The first sentence is definitely true. But I'm not sure Wilson is right about the Nobel a force for rebellion. The Nobel has gone to quite a lot of people whose work forms the very foundation of the "edifice" that Wilson talks about. In fact, the vast majority of the prize winners from the past three decades have worked within the rational, individual-choice framework that Wilson doesn't like. In fact, people like Thomas Sargent, Ed Prescott, and Bob Lucas built the very modern macroeconomics that Wilson recoils at...and they got Nobels for it.

Wilson:
Economists were much more closely attuned to common sense and evolutionary theory before the volcano erupted. Adam Smith observed that people following their narrow concerns somehow combine to make the economy work well, as if guided by an invisible hand. Today we use terms such as emergence and self organization to describe this phenomenon. It is spectacularly demonstrated by social insect colonies.
I also think this isn't really right. Smith was certainly not inspired by modern evolutionary ideas, since On the Origin of Species was published almost a century after The Wealth of Nations. It's not at all clear that Smith believed the "invisible hand" worked analogously to an insect colony; he didn't really specify the mechanism. (Not that insect colony self-organization is a good example of evolution in action, anyway - though ants certainly evolved the biological means to self-organize, the process by which they do so on short time scales is not really very similar to biological evolution in most respects.) In fact, the general equilibrium economics that Wilson doesn't like is supposed to represent Smith's invisible hand.

Wilson:
The people who inhabit the economic models, often referred to as Homo economicus, are driven purely by self-regarding preferences. Mathematically, this means that they care only about maximizing their own interests without reference to anyone else’s interests. What I want cannot depend upon what you want.
Actually, that's not right. When externalities are present, people's utility can depend on other people's consumption. Externalities are very common in mainstream economics, and the concept is taught in every (good) econ undergrad course.

Wilson:
Next, people who inhabit the mathematical kingdom are infinitely wise in pursuit of their self-regarding preferences.
This is, sadly, true. Economists have played around with a number of ways to drop this assumption, but they haven't reached a consensus yet, and - in my opinion - still have far too much trepidation about modeling incompletely-rational behavior.

Wilson:
Once again, these absurd assumptions were driven not by ideological bias but by the tyranny of mathematical tractability. The theory couldn’t be pushed in the direction of common sense because it would become impossible to grind through the equations.
This is partly true. Ideological bias probably does play some part in economists' unwillingness to allow irrationality, or things like social preferences, into their models. Tractability concerns can play a role too. But there's also the underlying problem that it's just very hard to make a general mathematical model of human behavior.
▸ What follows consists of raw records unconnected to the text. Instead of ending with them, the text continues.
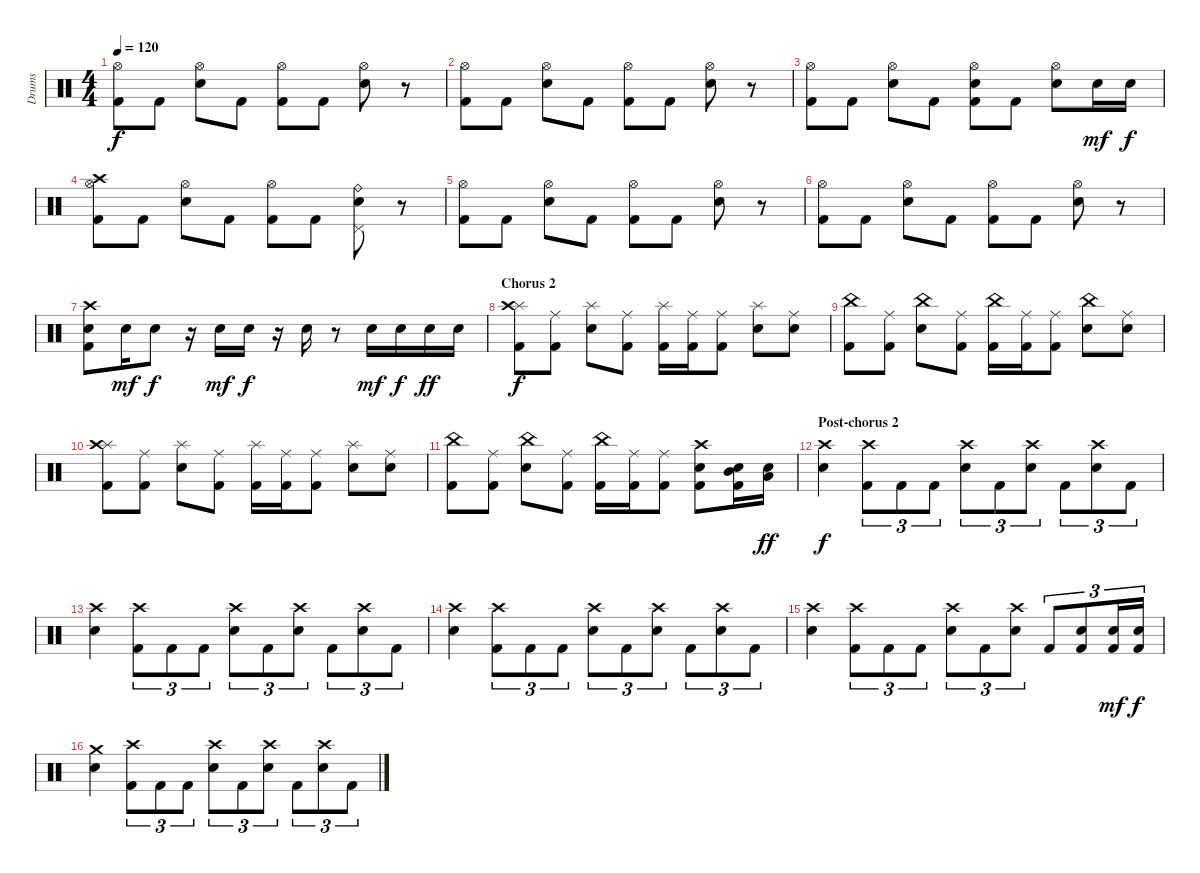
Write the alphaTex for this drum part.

\track ("Drums" "Drums") {instrument percussion}
\staff {score}
\articulation defaults
\ts (4 4)
\tempo 120
\clef neutral
\ks c
("Hi-Hat (open)" "Kick (hit) 2").8{dy f} "Kick (hit) 2".8 ("Hi-Hat (open)" "Electric Snare (hit)").8 "Kick (hit) 2".8 ("Hi-Hat (open)" "Kick (hit) 2").8 "Kick (hit) 2".8 ("Hi-Hat (open)" "Electric Snare (hit)").8 r.8 |
("Hi-Hat (open)" "Kick (hit) 2").8 "Kick (hit) 2".8 ("Hi-Hat (open)" "Electric Snare (hit)").8 "Kick (hit) 2".8 ("Hi-Hat (open)" "Kick (hit) 2").8 "Kick (hit) 2".8 ("Hi-Hat (open)" "Electric Snare (hit)").8 r.8 |
("Hi-Hat (open)" "Kick (hit) 2").8 "Kick (hit) 2".8 ("Hi-Hat (open)" "Electric Snare (hit)").8 "Kick (hit) 2".8 ("Hi-Hat (open)" "Electric Snare (hit)" "Kick (hit) 2").8 "Kick (hit) 2".8 ("Hi-Hat (open)" "Electric Snare (hit)").8 "Electric Snare (hit)".16{dy mf} "Electric Snare (hit)".16{dy f} |
("Hi-Hat (open)" "Crash high (hit)" "Kick (hit) 2").8 "Kick (hit) 2".8 ("Hi-Hat (open)" "Electric Snare (hit)").8 "Kick (hit) 2".8 ("Hi-Hat (open)" "Kick (hit) 2").8 "Kick (hit) 2".8 ("Pedal Hi-Hat (hit)" "Ride (bell)" "Electric Snare (hit)").8 r.8 |
("Hi-Hat (open)" "Kick (hit) 2").8 "Kick (hit) 2".8 ("Hi-Hat (open)" "Electric Snare (hit)").8 "Kick (hit) 2".8 ("Hi-Hat (open)" "Kick (hit) 2").8 "Kick (hit) 2".8 ("Hi-Hat (open)" "Electric Snare (hit)").8 r.8 |
("Hi-Hat (open)" "Kick (hit) 2").8 "Kick (hit) 2".8 ("Hi-Hat (open)" "Electric Snare (hit)").8 "Kick (hit) 2".8 ("Hi-Hat (open)" "Kick (hit) 2").8 "Kick (hit) 2".8 ("Hi-Hat (open)" "Electric Snare (hit)").8 r.8 |
("Crash high (hit)" "Electric Snare (hit)" "Kick (hit) 2").8 "Electric Snare (hit)".16{dy mf} "Electric Snare (hit)".8{dy f} r.16 "Electric Snare (hit)".16{dy mf} "Electric Snare (hit)".16{dy f} r.16 "Electric Snare (hit)".16 r.8 "Electric Snare (hit)".16{dy mf} "Electric Snare (hit)".16{dy f} "Electric Snare (hit)".16{dy ff} "Electric Snare (hit)".16 |
\section ("" "Chorus 2")
("Splash (hit)" "Crash high (hit)" "Kick (hit) 2").8{dy f} ("Ride (middle)" "Kick (hit) 2").8 ("Splash (hit)" "Electric Snare (hit)").8 ("Ride (middle)" "Kick (hit) 2").8 ("Splash (hit)" "Kick (hit) 2").16 ("Ride (middle)" "Kick (hit) 2").16 ("Ride (middle)" "Kick (hit) 2").8 ("Splash (hit)" "Electric Snare (hit)").8 ("Ride (middle)" "Electric Snare (hit)").8 |
("China (hit)" "Kick (hit) 2").8 ("Ride (middle)" "Kick (hit) 2").8 ("China (hit)" "Electric Snare (hit)").8 ("Ride (middle)" "Kick (hit) 2").8 ("China (hit)" "Kick (hit) 2").16 ("Ride (middle)" "Kick (hit) 2").16 ("Ride (middle)" "Kick (hit) 2").8 ("China (hit)" "Electric Snare (hit)").8 ("Ride (middle)" "Electric Snare (hit)").8 |
("Splash (hit)" "Crash high (hit)" "Kick (hit) 2").8 ("Ride (middle)" "Kick (hit) 2").8 ("Splash (hit)" "Electric Snare (hit)").8 ("Ride (middle)" "Kick (hit) 2").8 ("Splash (hit)" "Kick (hit) 2").16 ("Ride (middle)" "Kick (hit) 2").16 ("Ride (middle)" "Kick (hit) 2").8 ("Splash (hit)" "Electric Snare (hit)").8 ("Ride (middle)" "Electric Snare (hit)").8 |
("China (hit)" "Kick (hit) 2").8 ("Ride (middle)" "Kick (hit) 2").8 ("China (hit)" "Electric Snare (hit)").8 ("Ride (middle)" "Kick (hit) 2").8 ("China (hit)" "Kick (hit) 2").16 ("Ride (middle)" "Kick (hit) 2").16 ("Ride (middle)" "Kick (hit) 2").8 ("Crash high (hit)" "Electric Snare (hit)" "Kick (hit) 2").8 ("Mid Tom (hit)" "Electric Snare (hit)" "Kick (hit) 2").16 ("Low Tom (hit)" "Electric Snare (hit)").16{dy ff} |
\section ("" "Post-chorus 2")
("Crash high (hit)" "Electric Snare (hit)").4{dy f} ("Crash high (hit)" "Kick (hit) 2").8{tu (3 2)} "Kick (hit) 2".8{tu (3 2)} "Kick (hit) 2".8{tu (3 2)} ("Crash high (hit)" "Electric Snare (hit)").8{tu (3 2)} "Kick (hit) 2".8{tu (3 2)} ("Crash high (hit)" "Electric Snare (hit)").8{tu (3 2)} "Kick (hit) 2".8{tu (3 2)} ("Crash high (hit)" "Electric Snare (hit)").8{tu (3 2)} "Kick (hit) 2".8{tu (3 2)} |
("Crash high (hit)" "Electric Snare (hit)").4 ("Crash high (hit)" "Kick (hit) 2").8{tu (3 2)} "Kick (hit) 2".8{tu (3 2)} "Kick (hit) 2".8{tu (3 2)} ("Crash high (hit)" "Electric Snare (hit)").8{tu (3 2)} "Kick (hit) 2".8{tu (3 2)} ("Crash high (hit)" "Electric Snare (hit)").8{tu (3 2)} "Kick (hit) 2".8{tu (3 2)} ("Crash high (hit)" "Electric Snare (hit)").8{tu (3 2)} "Kick (hit) 2".8{tu (3 2)} |
("Crash high (hit)" "Electric Snare (hit)").4 ("Crash high (hit)" "Kick (hit) 2").8{tu (3 2)} "Kick (hit) 2".8{tu (3 2)} "Kick (hit) 2".8{tu (3 2)} ("Crash high (hit)" "Electric Snare (hit)").8{tu (3 2)} "Kick (hit) 2".8{tu (3 2)} ("Crash high (hit)" "Electric Snare (hit)").8{tu (3 2)} "Kick (hit) 2".8{tu (3 2)} ("Crash high (hit)" "Electric Snare (hit)").8{tu (3 2)} "Kick (hit) 2".8{tu (3 2)} |
("Crash high (hit)" "Electric Snare (hit)").4 ("Crash high (hit)" "Kick (hit) 2").8{tu (3 2)} "Kick (hit) 2".8{tu (3 2)} "Kick (hit) 2".8{tu (3 2)} ("Crash high (hit)" "Electric Snare (hit)").8{tu (3 2)} "Kick (hit) 2".8{tu (3 2)} ("Crash high (hit)" "Electric Snare (hit)").8{tu (3 2)} "Kick (hit) 2".8{tu (3 2)} ("Electric Snare (hit)" "Kick (hit) 2").8{tu (3 2)} ("Electric Snare (hit)" "Kick (hit) 2").16{tu (3 2) dy mf} ("Electric Snare (hit)" "Kick (hit) 2").16{tu (3 2) dy f} |
("Crash medium (hit)" "Electric Snare (hit)").4 ("Crash high (hit)" "Kick (hit) 2").8{tu (3 2)} "Kick (hit) 2".8{tu (3 2)} "Kick (hit) 2".8{tu (3 2)} ("Crash high (hit)" "Electric Snare (hit)").8{tu (3 2)} "Kick (hit) 2".8{tu (3 2)} ("Crash high (hit)" "Electric Snare (hit)").8{tu (3 2)} "Kick (hit) 2".8{tu (3 2)} ("Crash high (hit)" "Electric Snare (hit)").8{tu (3 2)} "Kick (hit) 2".8{tu (3 2)}

Anyway, I like that Wilson is thinking about economics, and saying provocative, challenging things. There's really very little downside to saying provocative, challenging things, as long as you're not saying them into the ear of a credulous policymaker. At the very least, Wilson will provoke some fun arguments with economists. At best, he'll inspire some to start tinkering around with models based on evolutionary principles. Who knows - that might even get some good results someday!

But in the meantime, I'll keep trying to help nudge Wilson toward an accurate picture of what's going on in the econ world. After all, if you want to be Frodo and sneak into Mordor, you should make sure you have a good map - otherwise you might just end up in New Jersey.